- **THE TASK**:
Please set down the data word for word; images do not go in the copy.

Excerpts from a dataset
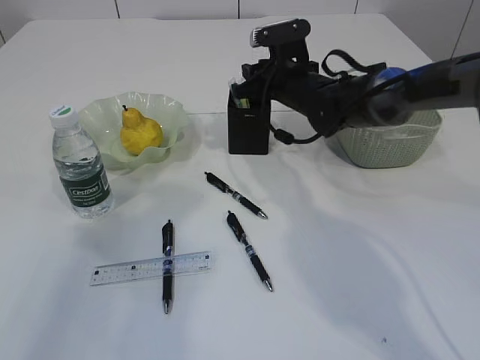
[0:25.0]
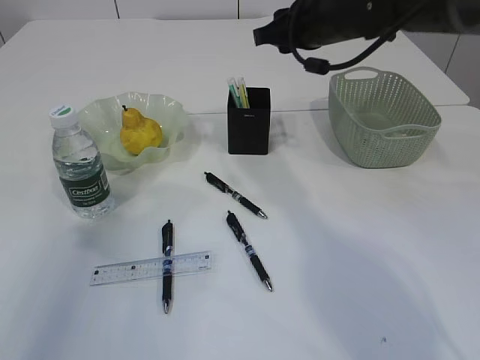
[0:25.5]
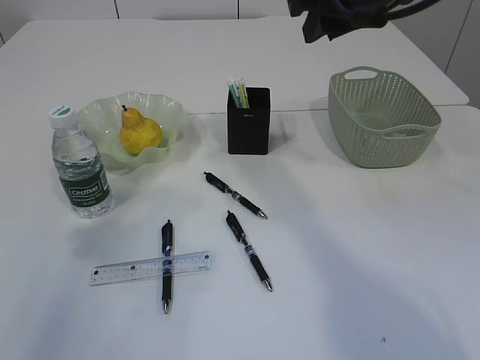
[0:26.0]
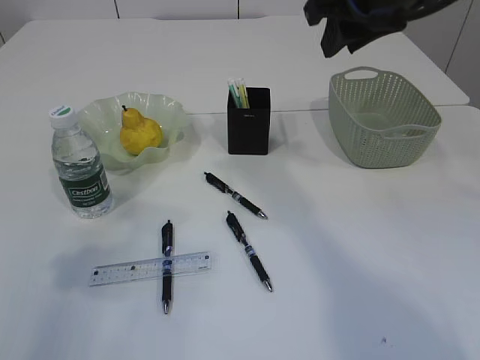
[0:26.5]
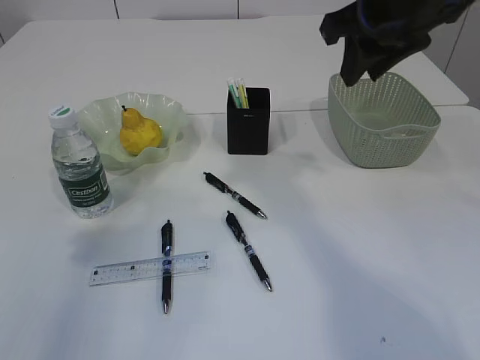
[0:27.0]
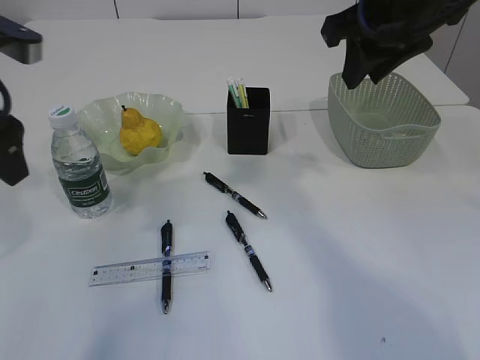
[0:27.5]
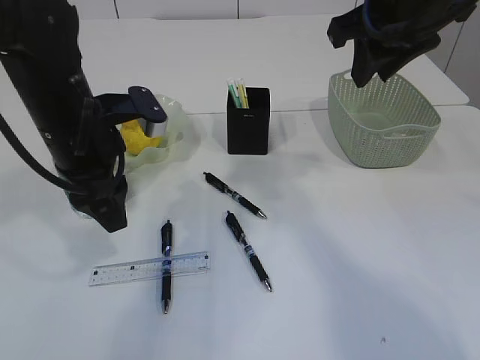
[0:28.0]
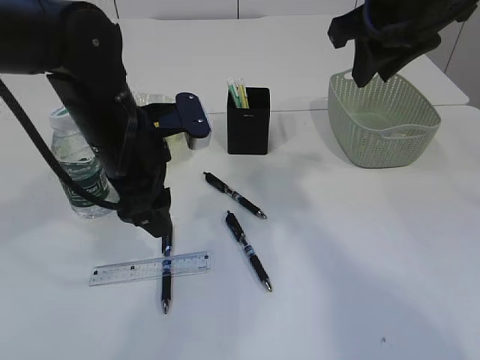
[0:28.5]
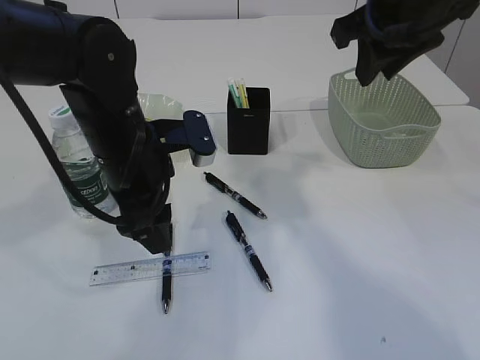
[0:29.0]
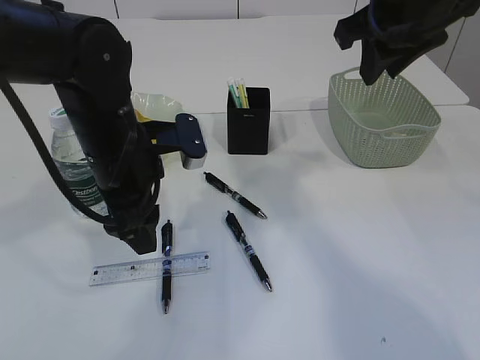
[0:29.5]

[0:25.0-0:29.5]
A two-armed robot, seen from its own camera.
25.0 to 27.0 s: The right gripper heads upward and backward, covering about 25 cm.
27.0 to 29.5 s: The left gripper travels to the right, forward and downward by approximately 20 cm.
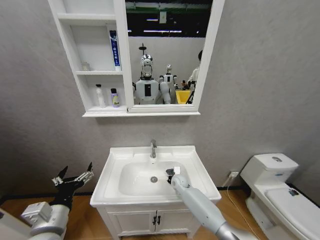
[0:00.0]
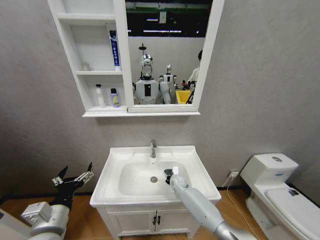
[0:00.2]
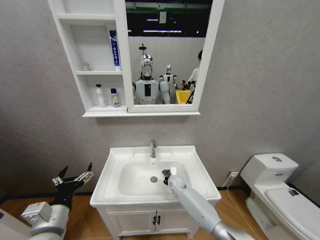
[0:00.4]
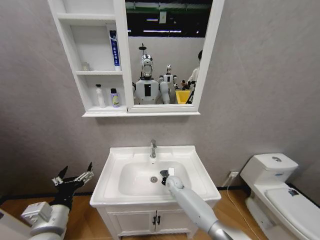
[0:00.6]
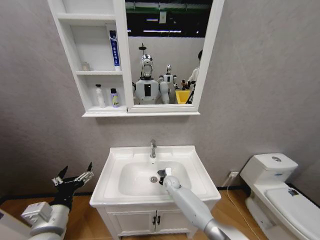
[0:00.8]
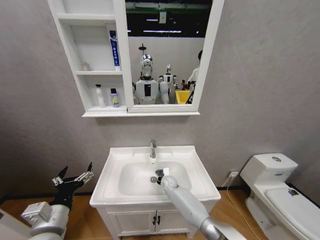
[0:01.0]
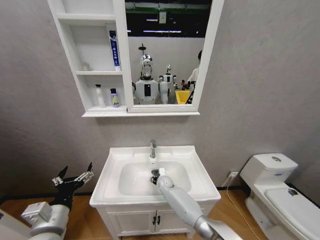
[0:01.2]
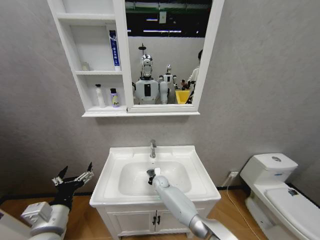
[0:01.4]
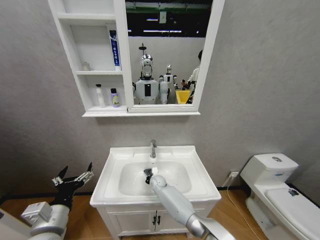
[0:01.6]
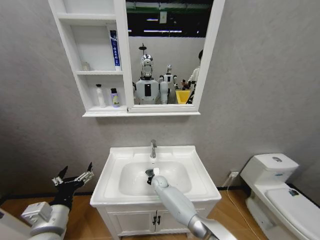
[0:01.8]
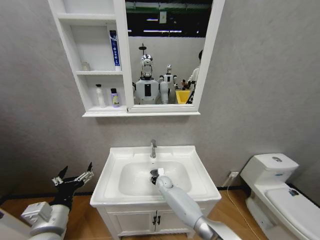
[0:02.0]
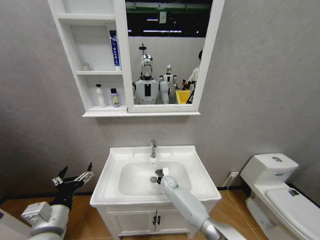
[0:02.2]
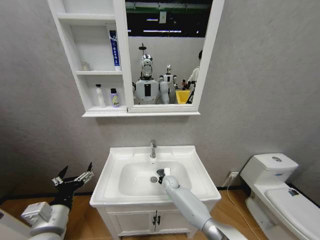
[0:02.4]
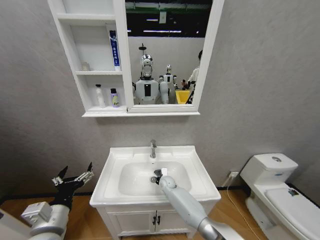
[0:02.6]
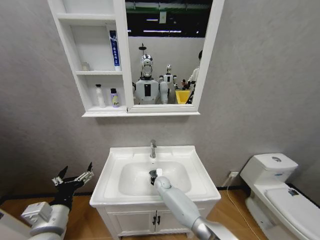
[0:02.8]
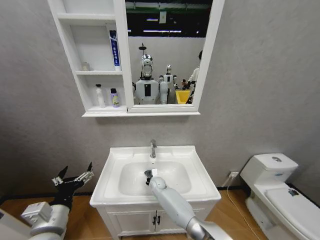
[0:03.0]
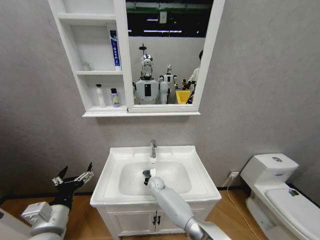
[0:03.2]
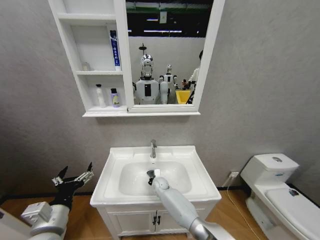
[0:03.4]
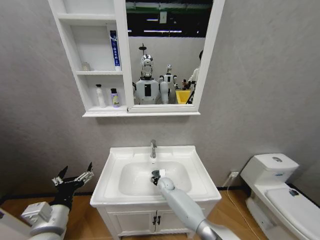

- **EXERCISE ANSWER**:
[0:25.0]
[0:25.5]
[0:26.0]
[0:26.5]
[0:27.0]
[0:27.5]
[0:28.0]
[0:28.5]
[0:29.0]
[0:29.5]

[0:25.0-0:29.5]
A two-armed robot, seen from its own camera.
25.0 to 27.0 s: The right gripper heads upward and backward, covering about 25 cm.
27.0 to 29.5 s: The left gripper travels to the right, forward and downward by approximately 20 cm.
[0:00.0]
[0:00.2]
[0:00.4]
[0:00.6]
[0:00.8]
[0:01.0]
[0:01.2]
[0:01.4]
[0:01.6]
[0:01.8]
[0:02.0]
[0:02.2]
[0:02.4]
[0:02.6]
[0:02.8]
[0:03.0]
[0:03.2]
[0:03.4]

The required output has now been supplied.